That's it, really, the entire premise (partially based on the true case of real-life double agent Kim Philby); all the complexity that follows is just Le Carre jumping back and forth in time and space to piece together the narrative, odd bits of knowledge painstakingly collected that, paradoxically, Smiley already knew in one form or another; he just was never able to bring himself to work the puzzle (the novel you might say is one long, jumbled hunt Smiley conducts in the thickets of his memory). The challenge of any adaptation, of course, is to translate this complexity to the small or large screen, transfer it so its greatest trick is preserved: that at the right moment the whole thing falls away to reveal the simplicity, the elegance of the mystery's solution.

The first adaptation of the novel was done for the small screen, directed by John Irvin and starring the late Alec Guinness. It ran for over three hundred minutes; Alfredson's 2011 version runs for a little over a hundred and twenty.

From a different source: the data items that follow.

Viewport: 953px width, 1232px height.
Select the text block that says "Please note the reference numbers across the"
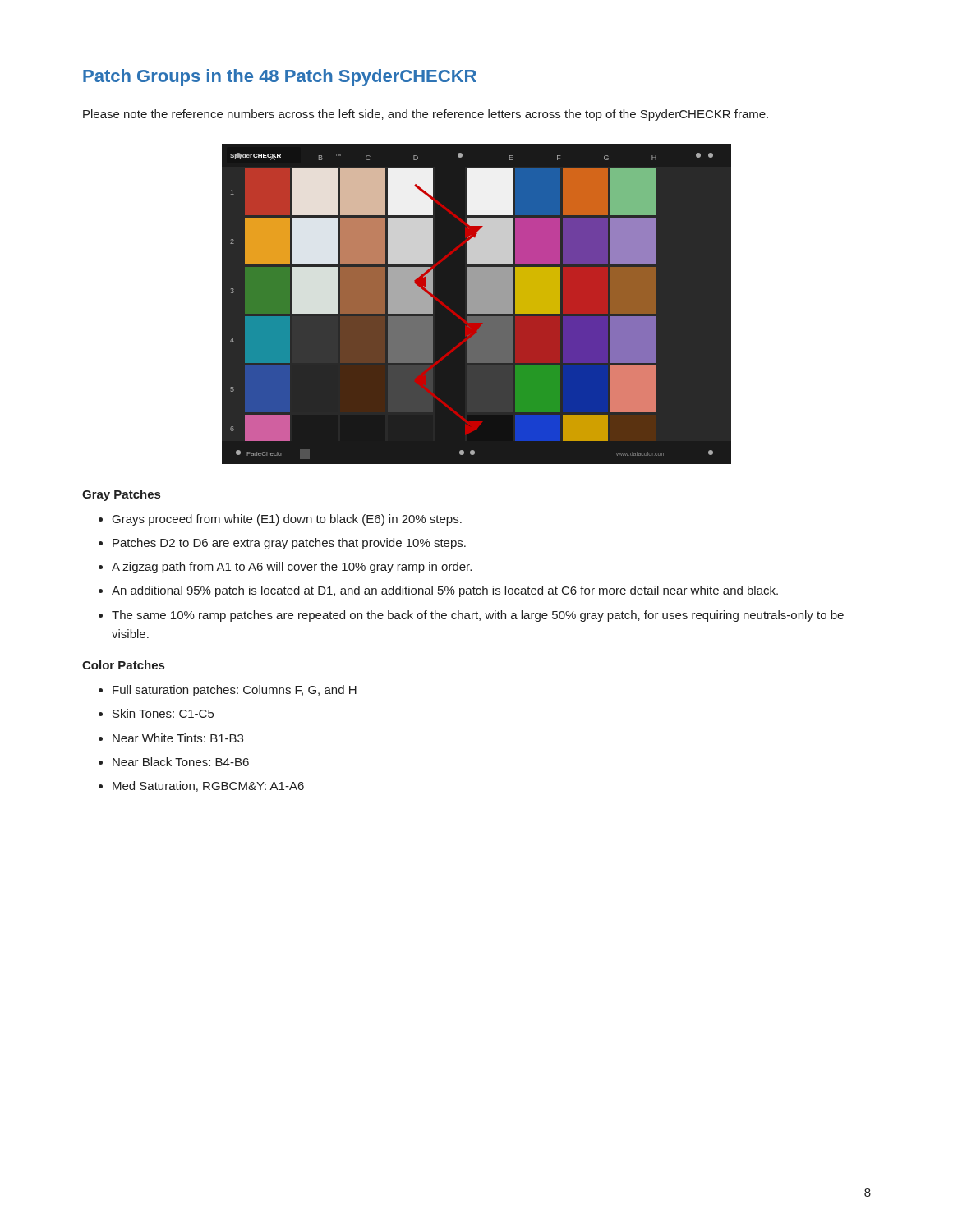click(x=476, y=114)
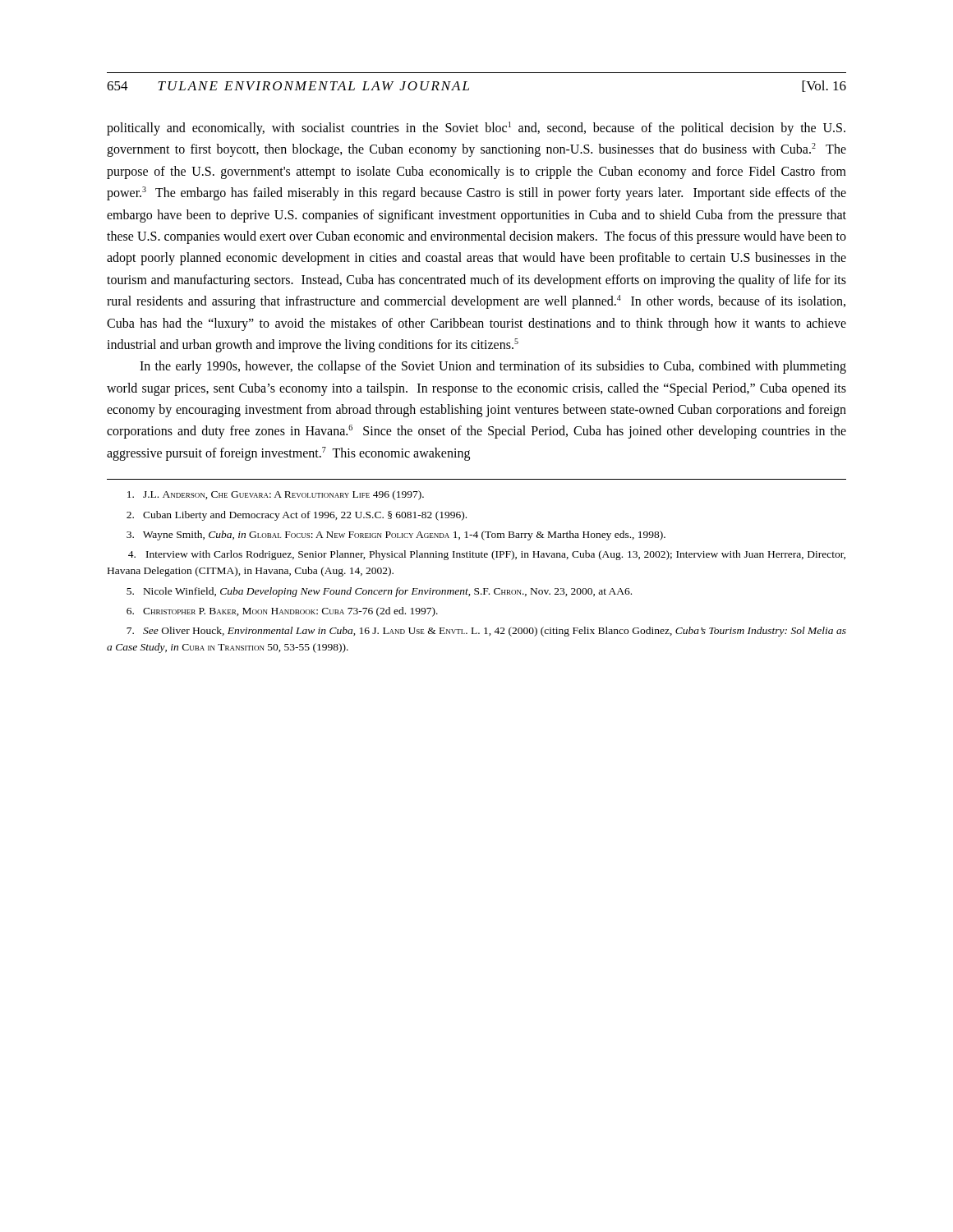The width and height of the screenshot is (953, 1232).
Task: Locate the text block starting "Nicole Winfield, Cuba Developing New"
Action: 370,590

It's easy to beat up the latter with the former--to my mind, still the definitive version. At six hours, the mini-series had room to breathe, to follow Le Carre's vision more faithfully; Guiness in turn had room to carve intricate detailing into his role. He had a beautifully modulated voice (it was as if his larynx was fluted) and he could sound like a weary bureaucrat or relentless schoolmaster, sometimes alternating from one to the other within a line of dialogue--this mix of self-effacement and strength was so influential Le Carre reportedly modeled Smiley more and more on Guinness' performance in the subsequent novels. 

Director Irvin's straightforward approach helps ground the story in an everyday world; when asked what The Circus' offices looked like, Le Carre noted that they resembled the BBC offices--whereupon Irvin filmed some of his interiors there. The result: greater authenticity at (presumably) considerable savings, with a possibly unintended but nevertheless potent point--that intelligence organizations are essentially bureaucracies, are as faceless and joyless and impersonally malevolent as any other government or corporate entity. They are us, basically, only more so.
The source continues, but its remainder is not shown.